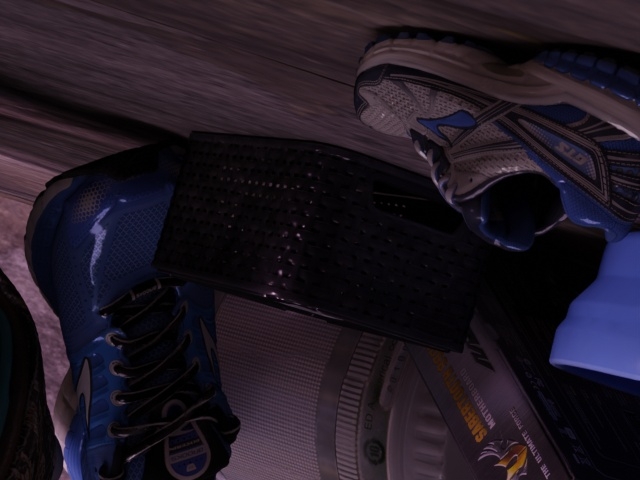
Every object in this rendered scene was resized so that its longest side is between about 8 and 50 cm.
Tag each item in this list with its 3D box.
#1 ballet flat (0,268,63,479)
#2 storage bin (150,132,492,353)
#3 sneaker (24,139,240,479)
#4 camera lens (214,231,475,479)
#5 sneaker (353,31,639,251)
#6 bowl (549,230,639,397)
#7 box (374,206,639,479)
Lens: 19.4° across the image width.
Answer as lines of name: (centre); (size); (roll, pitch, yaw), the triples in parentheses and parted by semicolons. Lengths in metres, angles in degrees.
ballet flat: (-0.255, 0.083, 1.259); (0.182, 0.164, 0.483); (59, -177, -44)
storage bin: (0.000, 0.000, 1.033); (0.122, 0.084, 0.180); (19, 177, -30)
sneaker: (-0.103, 0.080, 1.201); (0.130, 0.330, 0.147); (-19, -135, -20)
camera lens: (0.053, 0.107, 1.338); (0.274, 0.219, 0.219); (12, 175, 46)
sneaker: (0.050, -0.029, 0.570); (0.052, 0.058, 0.135); (19, 176, -35)
bowl: (0.310, 0.079, 0.918); (0.391, 0.077, 0.391); (16, 177, 1)
box: (0.144, 0.091, 1.083); (0.183, 0.056, 0.231); (20, -150, -37)

*Activity:* Where a line above contains the string "this", copy that line.

*Answer box:*
Every object in this rendered scene was resized so that its longest side is between about 8 and 50 cm.
Tag each item in this list with its 3D box.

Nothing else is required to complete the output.